Strengthen-side uniqueness signals

Step Verdict Fires when AXM example
step_1a_unique_fn STRENGTHEN SUT is not exercised by any sibling axm-sentiment/tests/test_lexicon.py::test_load_lexicon.
step_2_unique_io STRENGTHEN Uses tmp_path/filesystem I/O not exercised by any sibling axm-bib/tests/integration/test_pdf_extract.py::test_extract_from_real_pdf.
step_3_unique_parametrize STRENGTHEN Carries @parametrize while no sibling does axm-screener/tests/test_filters.py::test_filter_matrix.
step_4_boundary_literal STRENGTHEN Exercises a boundary literal (0, -1, "", b"") unseen in siblings axm-backtest/tests/test_pnl.py::test_pnl_on_zero_volume.
step_4c_significant_setup STRENGTHEN ≥ 4 non-trivial setup statements combined with a weak assert axm-broker/tests/test_router.py::test_complex_routing_setup.
step_1b_different_args STRENGTHEN Same SUT, different literal args — runs before step_0b to rescue varying-args cases axm-ast/tests/test_parser.py::test_parses_single_line vs test_parses_multiline.
step_4b_name_edge STRENGTHEN Name mentions an edge-case keyword (empty, null, overflow, …) axm-mail/tests/test_threading.py::test_handles_empty_thread.
step_4f_intentional_weakness STRENGTHEN Docstring/comment explicitly flags a deliberately weak assertion axm-smelt/tests/test_rewrite.py::test_smoke_pass.
step_4d_mocked_sut_contract STRENGTHEN Mocked SUT is invoked and the result is isinstance-checked axm-n8n/tests/test_client.py::test_client_returns_dict.
step_4e_homogeneity_check STRENGTHEN isinstance() runs inside a loop / all() / any() — homogeneity contract axm-office/tests/test_docx.py::test_all_paragraphs_are_runs.
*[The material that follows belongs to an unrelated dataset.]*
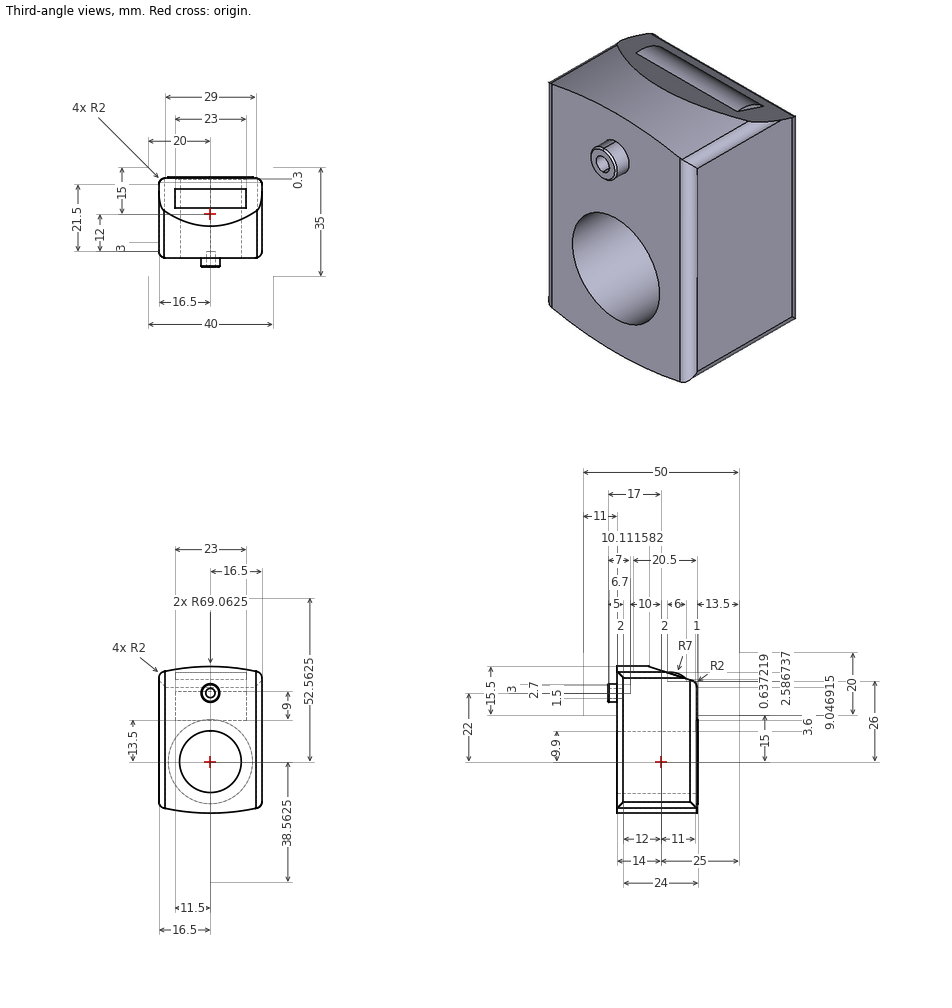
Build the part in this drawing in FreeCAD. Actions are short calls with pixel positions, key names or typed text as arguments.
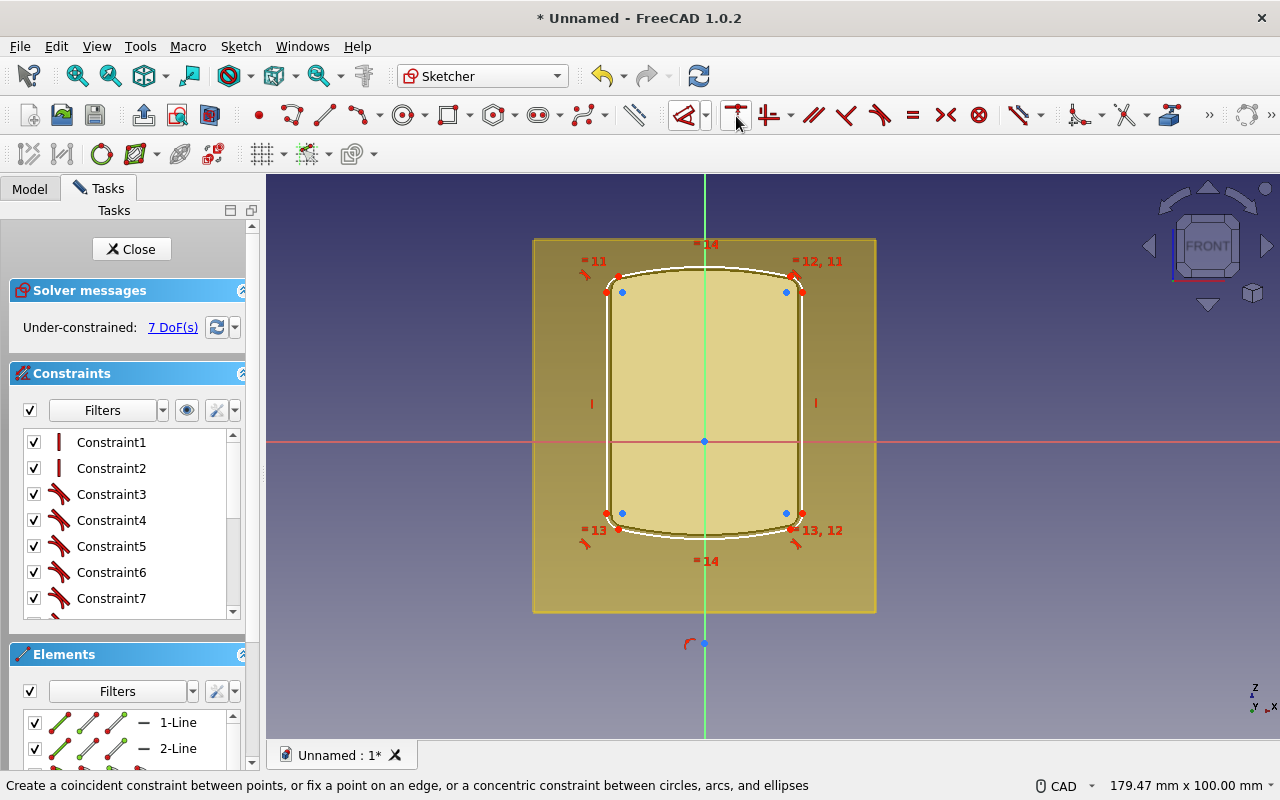
scroll(705, 292, up, 2)

Delete-side constructor checks (after strengthen rescues)

Step Verdict Fires when AXM example
step_0b_n_copies_constructor DELETE Pure constructor + weak assert with ≥ 1 identical-args sibling axm-word/tests/test_doc.py::test_new_doc duplicated by test_new_empty_doc.
step_0b2_impure_sibling_covers_ctor DELETE Pure-ctor test whose constructor is already exercised by an impure sibling axm-anvil/tests/test_forge.py::test_forge_init.
step_5_default_unknown UNKNOWN Terminator — no step matched axm-formal/tests/test_proof.py::test_trivially_true — left for human review.

The step order is load-bearing: strengthen-side rescues (step_2step_4e) fire before the delete-side constructor checks (step_0b / step_0b2) so that a weak constructor test carrying real edge-case signal is kept rather than deleted. Note: the triage code itself uses the names without the second underscore (e.g. step0b_n_copies_constructor); the step_ forms above are the documentation convention for this page.

Finding shape

metadata["verdicts"] is a list[dict]; each entry exposes:

  • file — path relative to the project root
  • test — test function name
  • line — line number of the triggering assert
  • pattern — one of the six detection patterns above
  • rule — triage step that fired (e.g. step_0b_n_copies_constructor)
  • verdictDELETE / STRENGTHEN / UNKNOWN
  • reason — human-readable explanation from the triage step

Validation

The v6 / v4 stacks were validated against the internal AXM corpus and an external open-source corpus. Results:

Corpus Findings DELETE verdicts False positives
AXM internal (axm-workspaces/**) 169 17 0
External corpus 126 1

Key numbers: 169 total findings on the internal corpus, 17 DELETE verdicts confirmed by manual review with 0 false positives; 126 findings on the external corpus with exactly 1 false positive flagged during triage (step_0b_n_copies_constructor on a factory-style constructor test). The delete-side ladder is therefore safe to apply automatically on AXM packages; external application should keep the DELETE verdict gated behind a human-in-the-loop review.